In generale, con gli indici di bilancio vengono messe in relazione due grandezze per ricavarne un coefficiente. In molti casi, per poter calcolare un indice è necessario effettuare prima una riclassificazione del bilancio.

In molti casi i medesimi indici finanziari sono denominati con termini analoghi come ad esempio indici di liquidità o indici di solvibilità.

In questo articolo trovi una breve descrizione degli indici finanziari più diffusi:

Margine di tesoreria

Il margine di tesoreria misura la capacità dell’azienda di far fronte alle cosiddette passività correnti, ovvero i debiti a breve termine. La formula del margine di tesoreria è data dalla differenza tra:

  • attività correnti (liquidità e crediti a breve)
  • passività correnti (debiti a breve)

Margine di tesoreria = (liquidità + crediti a breve) – debiti a breve

Per calcolarlo è necessario riclassificare lo stato patrimoniale. In questo modo è possibile rappresentarlo graficamente come mostra questa immagine.

Schema con il calcolo del margine di tesoreria

Il margine di tesoreria dovrebbe sempre essere positivo, in caso contrario significa che nel breve periodo la liquidità aziendale è destinata ad esaurirsi.

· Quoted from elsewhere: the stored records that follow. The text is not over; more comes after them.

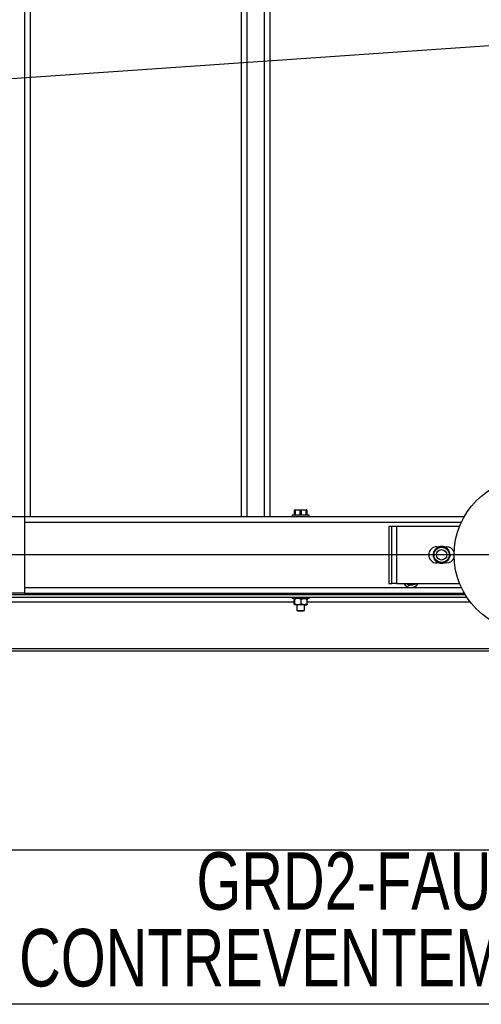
# Model space of a CAD drawing. Header units: millimetres. Extents: x 5 to 589, y 5 to 415.
# Tile 11 of 76: x 84 to 108, y 283 to 334. Entities that reach past the tile are written whole.
import ezdxf

# ---------------------------------------------------------------- set-up
doc = ezdxf.new("R2010")
doc.units = ezdxf.units.MM
doc.linetypes.add('CENTERX2', pattern=[20.32, 12.7, -2.54, 2.54, -2.54])
for name, color, linetype in [('COTES', 1, 'Continuous'), ('NOTES', 6, 'Continuous'), ('TRAIT-MIXTES', 3, 'CENTERX2')]:
    doc.layers.add(name, color=color, linetype=linetype)
doc.layers.add('TRAIT-FORT', color=4, linetype='Continuous', lineweight=25)
doc.styles.add('SLDTEXTSTYLE0', font='TXT', dxfattribs={"width": 0.75})
doc.dimstyles.new('SLDDIMSTYLE0', dxfattribs={"dimtxt": 3, "dimasz": 2, "dimexe": 0, "dimexo": 0.0625, "dimgap": 0.75, "dimtad": 1, "dimlfac": 20, "dimrnd": 1e-09, "dimzin": 12, "dimdsep": 46, "dimtxsty": 'SLDTEXTSTYLE0', "dimsah": 1, "dimcen": 0.09, "dimadec": 0, "dimazin": 3, "dimtfac": 1, "dimtofl": 0, "dimtmove": 0, "dimatfit": 3, "dimfxl": 1, "dimfrac": 2, "dimtolj": 1, "dimtzin": 12, "dimarcsym": 0})
doc.dimstyles.new('SLDDIMSTYLE2', dxfattribs={"dimtxt": 0.18, "dimasz": 1, "dimexe": 0, "dimexo": 0.0625, "dimgap": 0, "dimtad": 0, "dimtih": 1, "dimtoh": 1, "dimdec": 0, "dimrnd": 1e-09, "dimzin": 0, "dimdsep": 46, "dimtxsty": 'Standard', "dimblk1": 'DOT', "dimblk2": 'DOT', "dimsah": 1, "dimcen": 0.09, "dimadec": 0, "dimazin": 0, "dimtfac": 1, "dimtdec": 0, "dimtofl": 0, "dimtmove": 0, "dimatfit": 3, "dimldrblk": 'DOT', "dimfxl": 1, "dimfrac": 2, "dimtolj": 1, "dimtzin": 0, "dimarcsym": 0})

# ---------------------------------------------------------------- blocks, each defined once
blk = doc.blocks.new('_D_30')
at = {"layer": 'COTES', "color": 1, "transparency": 16777216}
for p, q in [((154.523, 366.453), (32.2, 366.453)), ((33.2, 306.453), (33.2, 366.453)), ((154.523, 306.453), (32.2, 306.453))]:
    blk.add_line(p, q, dxfattribs=at)
for points in [[(33.2, 366.453), (32.7, 364.453), (33.7, 364.453)], [(33.2, 306.453), (33.7, 308.453), (32.7, 308.453)]]:
    blk.add_solid(points, dxfattribs=at)
at = {"layer": 'COTES', "color": 1, "transparency": 16777216, "char_height": 3, "attachment_point": 1, "rotation": 90, "style": 'SLDTEXTSTYLE0'}
for s, insert in [('=', (29.333, 340.886)), ('1200', (29.333, 332.019)), ('=', (29.333, 329.594))]:
    blk.add_mtext(s, dxfattribs=dict(at, insert=insert))
blk = doc.blocks.new('_Dot')
at = {"color": 0, "linetype": 'ByBlock', "lineweight": -2}
blk.add_line((-0.5, 0), (-1, 0), dxfattribs=at)
at = {"color": 0, "linetype": 'ByBlock', "const_width": 0.5}
blk.add_lwpolyline([(-0.25, 0, 1), (0.25, 0, 1)], format="xyb", close=True, dxfattribs=at)
blk = doc.blocks.new('SW_NOTE_4')
at = {"layer": 'NOTES', "color": 0}
for p, q in [((0, 0), (46.667, 0)), ((46.667, -8.05), (0, -8.05))]:
    blk.add_line(p, q, dxfattribs=at)
for centre, start, end in [((0, -4.025), 90, 270), ((46.667, -4.025), 270, 90)]:
    blk.add_arc(centre, 4.025, start, end, dxfattribs=at)
at = {"layer": 'NOTES', "color": 0, "char_height": 3, "attachment_point": 2, "style": 'SLDTEXTSTYLE0'}
for s, insert in [('GRD2-FAU-04', (23.203, -0.12)), ('CONTREVENTEMENT CV1', (23.067, -4.12))]:
    blk.add_mtext(s, dxfattribs=dict(at, insert=insert))
blk = doc.blocks.new('SW_CENTERMARKSYMBOL_7')
at = {"layer": 'TRAIT-MIXTES', "color": 0}
for p, q in [((0, 0.25), (0, 4.125)), ((-0.25, 0), (-4.125, 0)), ((0, 0), (-0.125, 0)), ((0, 0), (0, 0.125)), ((0, 0), (0, -0.125)), ((0, 0), (0.125, 0)), ((0.25, 0), (4.125, 0)), ((0, -0.25), (0, -4.125))]:
    blk.add_line(p, q, dxfattribs=at)

msp = doc.modelspace()

# ---------------------------------------------------------------- linework, layer by layer
at = {"layer": 'TRAIT-FORT', "color": 4, "linetype": 'Continuous', "lineweight": 25}
for p, q in [((84.24772, 364.45271), (84.24772, 308.45276)), ((84.54774, 364.45271), (84.54774, 308.45276)), ((95.5478, 364.45271), (95.5478, 308.45276)), ((95.84773, 364.45271), (95.84773, 308.45276)), ((96.74772, 364.45271), (96.74772, 308.45276)), ((97.04774, 364.45271), (97.04774, 308.45276)), ((98.19778, 308.52772), (98.19778, 308.45276)), ((99.09776, 308.52772), (98.19778, 308.52772)), ((98.36171, 308.80276), (98.3228, 308.79227)), ((98.3228, 308.78359), (98.35628, 308.78359)), ((98.3228, 308.52772), (98.3228, 308.78359)), ((98.61425, 308.78359), (98.35628, 308.78359)), ((98.35628, 308.78359), (98.35628, 308.52772)), ((98.36171, 308.80276), (98.93373, 308.80276)), ((98.61425, 308.78359), (98.68129, 308.78359)), ((98.61425, 308.52772), (98.61425, 308.78359)), ((98.93926, 308.78359), (98.68129, 308.78359)), ((98.68129, 308.78359), (98.68129, 308.52772)), ((98.97273, 308.79227), (98.93373, 308.80276)), ((98.93926, 308.78359), (98.97273, 308.78359)), ((98.93926, 308.52772), (98.93926, 308.78359)), ((98.97273, 308.78359), (98.97273, 308.52772)), ((99.09776, 308.45276), (99.09776, 308.52772)), ((70.24778, 308.45276), (84.24772, 308.45276)), ((84.24772, 308.45276), (84.24772, 304.45277)), ((84.24772, 308.45276), (107.18368, 308.45276)), ((84.24772, 308.15274), (107.02699, 308.15274)), ((103.24777, 307.95275), (103.39778, 307.95275)), ((103.24777, 307.95275), (103.24777, 304.95268)), ((103.39778, 304.95268), (103.39778, 307.95275)), ((103.39778, 307.95275), (103.64774, 307.95275)), ((103.64774, 307.95275), (103.64774, 304.95268)), ((103.64774, 307.95275), (106.93963, 307.95275)), ((105.63405, 306.67206), (105.65227, 306.72261)), ((105.65227, 306.72261), (105.65265, 306.72928)), ((105.67935, 306.69066), (105.65227, 306.72261)), ((105.65265, 306.72928), (105.66695, 306.72947)), ((105.68918, 306.70325), (105.66695, 306.72947)), ((105.74773, 306.8772), (105.87362, 306.8772)), ((105.77844, 306.82408), (105.78092, 306.83819)), ((105.80066, 306.79795), (105.77844, 306.82408)), ((105.78092, 306.83819), (105.78759, 306.83743)), ((105.78759, 306.83743), (105.84033, 306.84725)), ((105.78759, 306.83743), (105.81468, 306.80558)), ((106.12195, 306.8772), (106.24774, 306.8772)), ((105.87362, 306.02824), (105.74773, 306.02824)), ((106.24774, 306.02824), (106.12195, 306.02824)), ((106.20797, 306.06801), (106.15514, 306.05828)), ((106.20797, 306.06801), (106.18089, 306.09995)), ((106.19491, 306.10758), (106.21703, 306.08136)), ((106.21465, 306.06724), (106.20797, 306.06801)), ((106.21703, 306.08136), (106.21465, 306.06724)), ((106.30639, 306.20219), (106.32852, 306.17606)), ((106.31612, 306.21478), (106.3432, 306.18283)), ((106.34292, 306.17615), (106.32852, 306.17606)), ((106.3432, 306.18283), (106.34292, 306.17615)), ((106.36142, 306.23337), (106.3432, 306.18283)), ((103.24777, 304.95268), (103.39778, 304.95268)), ((103.64774, 304.95268), (103.39778, 304.95268)), ((103.64774, 304.95268), (106.93963, 304.95268)), ((104.65282, 304.95268), (104.63927, 304.91549)), ((84.24772, 304.45277), (70.24778, 304.45277)), ((84.24772, 304.7527), (107.02699, 304.7527)), ((84.24772, 304.45277), (107.18368, 304.45277)), ((49.9884, 304.25269), (107.30708, 304.25269)), ((50.06746, 304.37771), (107.22802, 304.37771)), ((82.9841, 304.00273), (98.31146, 304.00273)), ((98.19778, 304.25269), (98.19778, 304.17773)), ((99.06333, 304.17773), (98.19778, 304.17773)), ((98.31146, 303.90297), (98.31146, 304.12747)), ((98.33539, 303.90297), (98.33539, 304.12747)), ((98.67166, 303.90297), (98.67166, 304.12747)), ((98.98408, 303.90297), (98.98408, 304.12747)), ((98.98408, 304.00273), (107.4859, 304.00273)), ((99.09776, 304.17773), (99.06333, 304.17773)), ((99.09776, 304.17773), (99.09776, 304.25269)), ((98.50353, 303.85272), (98.32338, 303.85272)), ((98.44774, 303.85272), (98.44774, 303.5566)), ((98.44774, 303.5566), (98.4978, 303.5277)), ((98.44774, 303.5566), (98.8478, 303.5566)), ((98.4978, 303.5277), (98.79773, 303.5277)), ((98.82787, 303.85272), (98.50353, 303.85272)), ((98.79773, 303.5277), (98.8478, 303.5566)), ((98.82787, 303.85272), (98.97207, 303.85272)), ((98.8478, 303.5566), (98.8478, 303.85272)), ((46.64777, 301.57773), (158.14775, 301.57773)), ((46.64777, 301.4527), (158.14775, 301.4527))]:
    msp.add_line(p, q, dxfattribs=at)
for centre, radius in [((110.64776, 306.45273), 4), ((105.99776, 306.45273), 0.3975), ((105.99776, 306.45273), 0.2725)]:
    msp.add_circle(centre, radius, dxfattribs=at)
for centre, radius, start, end in [((105.74776, 306.45273), 0.4245, 90, 270), ((105.99776, 306.45273), 0.44229, 141.294349, 299.361473), ((105.99776, 306.45273), 0.42472, 148.903038, 291.752785), ((105.99776, 306.45273), 0.44229, 321.294349, 119.361473), ((105.99776, 306.45273), 0.42472, 328.903038, 111.752785), ((106.24776, 306.45273), 0.4245, 18.613934, 90), ((106.24776, 306.45273), 0.4245, 270, 341.386066), ((104.39776, 305.20273), 0.45, 213.748989, 326.251011), ((104.39776, 305.20273), 0.325, 230.284863, 280.066135), ((104.39776, 305.20273), 0.325, 280.066135, 309.715137)]:
    msp.add_arc(centre, radius, start, end, dxfattribs=at)
for points, knots in [([(105.63405, 306.67206), (105.63301, 306.66041), (105.63162, 306.64494), (105.63862, 306.62165), (105.64035, 306.61589)], [0, 0, 0, 0, 0.75297396, 1, 1, 1, 1]), ([(105.66695, 306.72947), (105.66823, 306.73029), (105.67077, 306.73191), (105.68088, 306.74207), (105.69514, 306.75578), (105.70936, 306.76895), (105.7245, 306.78185), (105.73999, 306.79452), (105.75747, 306.80781), (105.77102, 306.81753), (105.77721, 306.82244), (105.77816, 306.82371), (105.77844, 306.82408)], [0, 0, 0, 0, 0.11240726, 0.22489126, 0.33797759, 0.45173698, 0.49987502, 0.61330983, 0.72646237, 0.84006934, 0.95367062, 1, 1, 1, 1]), ([(105.84033, 306.84725), (105.85197, 306.84659), (105.86603, 306.84579), (105.88561, 306.83621), (105.88897, 306.83457)], [0, 0, 0, 0, 0.82838844, 1, 1, 1, 1]), ([(106.15514, 306.05828), (106.14347, 306.05912), (106.12817, 306.06023), (106.10665, 306.07075), (106.10154, 306.07325)], [0, 0, 0, 0, 0.76262405, 1, 1, 1, 1]), ([(106.32852, 306.17606), (106.3273, 306.17519), (106.32485, 306.17346), (106.31453, 306.16352), (106.30036, 306.14963), (106.28611, 306.13649), (106.27098, 306.12361), (106.25561, 306.11083), (106.23796, 306.09779), (106.22447, 306.08787), (106.21826, 306.083), (106.21731, 306.08173), (106.21703, 306.08136)], [0, 0, 0, 0, 0.1123722, 0.22484693, 0.33816026, 0.45190332, 0.50003445, 0.61311773, 0.72632743, 0.8400923, 0.95367727, 1, 1, 1, 1]), ([(106.36142, 306.23337), (106.36212, 306.24539), (106.36331, 306.26564), (106.3539, 306.29565), (106.35007, 306.30785)], [0, 0, 0, 0, 0.593340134, 1, 1, 1, 1]), ([(104.18332, 304.95268), (104.19292, 304.94132), (104.22338, 304.90529), (104.25094, 304.87246), (104.26982, 304.84997)], [0, 0, 0, 0, 0.315263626, 1, 1, 1, 1]), ([(104.45455, 304.88278), (104.42204, 304.877), (104.35755, 304.86553), (104.29891, 304.85513), (104.26982, 304.84997)], [0, 0, 0, 0, 0.50405958, 1, 1, 1, 1]), ([(104.63927, 304.91549), (104.614, 304.91101), (104.56255, 304.90189), (104.49875, 304.8906), (104.46228, 304.88415), (104.45455, 304.88278)], [0, 0, 0, 0, 0.43219275, 0.87967978, 1, 1, 1, 1]), ([(98.32338, 304.17773), (98.32128, 304.17483), (98.31711, 304.16907), (98.31333, 304.14126), (98.31146, 304.12747)], [0, 0, 0, 0, 0.50405951, 1, 1, 1, 1]), ([(98.33539, 304.12747), (98.33377, 304.13921), (98.33047, 304.16308), (98.32628, 304.17668), (98.32389, 304.17754), (98.32338, 304.17773)], [0, 0, 0, 0, 0.4323491, 0.87957721, 1, 1, 1, 1]), ([(98.50353, 304.17773), (98.50079, 304.17771), (98.4565, 304.17745), (98.39829, 304.16081), (98.34812, 304.13422), (98.33539, 304.12747)], [0, 0, 0, 0, 0.04679891, 0.75814104, 1, 1, 1, 1]), ([(98.67166, 304.12747), (98.65202, 304.13794), (98.59907, 304.16619), (98.54042, 304.17327), (98.50353, 304.17773)], [0, 0, 0, 0, 0.3708848, 1, 1, 1, 1]), ([(98.67166, 304.12747), (98.69306, 304.1392), (98.73658, 304.16307), (98.79048, 304.17668), (98.82132, 304.17754), (98.82787, 304.17773)], [0, 0, 0, 0, 0.43241015, 0.8794079, 1, 1, 1, 1]), ([(98.82787, 304.17773), (98.85534, 304.17482), (98.90986, 304.16906), (98.95947, 304.14126), (98.98408, 304.12747)], [0, 0, 0, 0, 0.50381424, 1, 1, 1, 1]), ([(98.97207, 304.17773), (98.9742, 304.17483), (98.97845, 304.16907), (98.98221, 304.14126), (98.98408, 304.12747)], [0, 0, 0, 0, 0.50407483, 1, 1, 1, 1]), ([(98.31146, 303.90297), (98.31306, 303.89124), (98.31634, 303.86737), (98.32067, 303.85376), (98.3229, 303.8529), (98.32338, 303.85272)], [0, 0, 0, 0, 0.43236132, 0.87948287, 1, 1, 1, 1]), ([(98.32338, 303.85272), (98.32551, 303.85562), (98.32976, 303.86138), (98.33352, 303.88918), (98.33539, 303.90297)], [0, 0, 0, 0, 0.50395819, 1, 1, 1, 1]), ([(98.33539, 303.90297), (98.34812, 303.89623), (98.39829, 303.86964), (98.4565, 303.85299), (98.50079, 303.85273), (98.50353, 303.85272)], [0, 0, 0, 0, 0.24185896, 0.95320109, 1, 1, 1, 1]), ([(98.50353, 303.85272), (98.54041, 303.85723), (98.59904, 303.8644), (98.65202, 303.89254), (98.67166, 303.90297)], [0, 0, 0, 0, 0.62926792, 1, 1, 1, 1]), ([(98.82787, 303.85272), (98.8004, 303.85562), (98.74588, 303.86138), (98.69627, 303.88918), (98.67166, 303.90297)], [0, 0, 0, 0, 0.50381424, 1, 1, 1, 1]), ([(98.98408, 303.90297), (98.96268, 303.89124), (98.91918, 303.86738), (98.86526, 303.85376), (98.83442, 303.8529), (98.82787, 303.85272)], [0, 0, 0, 0, 0.43247417, 0.87940744, 1, 1, 1, 1]), ([(98.98408, 303.90297), (98.98246, 303.89124), (98.97916, 303.86737), (98.97497, 303.85376), (98.97257, 303.8529), (98.97207, 303.85272)], [0, 0, 0, 0, 0.43234812, 0.87945603, 1, 1, 1, 1])]:
    msp.add_open_spline(points, degree=3, knots=knots, dxfattribs=at)

# ---------------------------------------------------------------- block references
at = {"layer": 'NOTES', "color": 211}
msp.add_blockref('SW_NOTE_4', (79.87421, 291.06918), dxfattribs=at)
at = {"layer": 'TRAIT-MIXTES', "color": 3}
msp.add_blockref('SW_CENTERMARKSYMBOL_7', (110.64776, 306.45273), dxfattribs=at)

# ---------------------------------------------------------------- dimensions: what is measured, and where the dimension line sits
at = {"layer": 'COTES', "color": 1}
dim = msp.add_linear_dim(base=(33.20011, 366.45273), p1=(155.52276, 306.45273), p2=(155.52276, 366.45273), angle=90, text='=<>=', dimstyle='SLDDIMSTYLE0', dxfattribs=at)
dim.commit()
dim.dimension.update_dxf_attribs({"geometry": '_D_30', "text_midpoint": (33.20011, 336.45273), "dimtype": 160})

# ---------------------------------------------------------------- leaders
at = {"layer": 'NOTES', "color": 211}
msp.add_leader([(46.73068, 328.7341), (177.42138, 337.79874)], dimstyle='SLDDIMSTYLE2', dxfattribs=at)

doc.saveas('drawing.dxf')

Se vuoi approfondire la funzione e le casistiche di questo indice ti consiglio di leggere questo articolo dedicato proprio al margine di tesoreria.

Margine di struttura

Il margine di struttura indica se le immobilizzazioni sono coperte dalle fonti di finanziamento a medio lungo termine. A seconda dei valori presi in considerazione nel suo calcolo, ne esistono 2 tipologie:

Margine di struttura primario

Il margine di struttura primario è una somma algebrica che confronta le immobilizzazioni con il patrimonio netto. Esso cerca di indagare se le fonti messe a disposizione dai soci siano sufficienti a coprire gli impieghi durevoli dell’azienda.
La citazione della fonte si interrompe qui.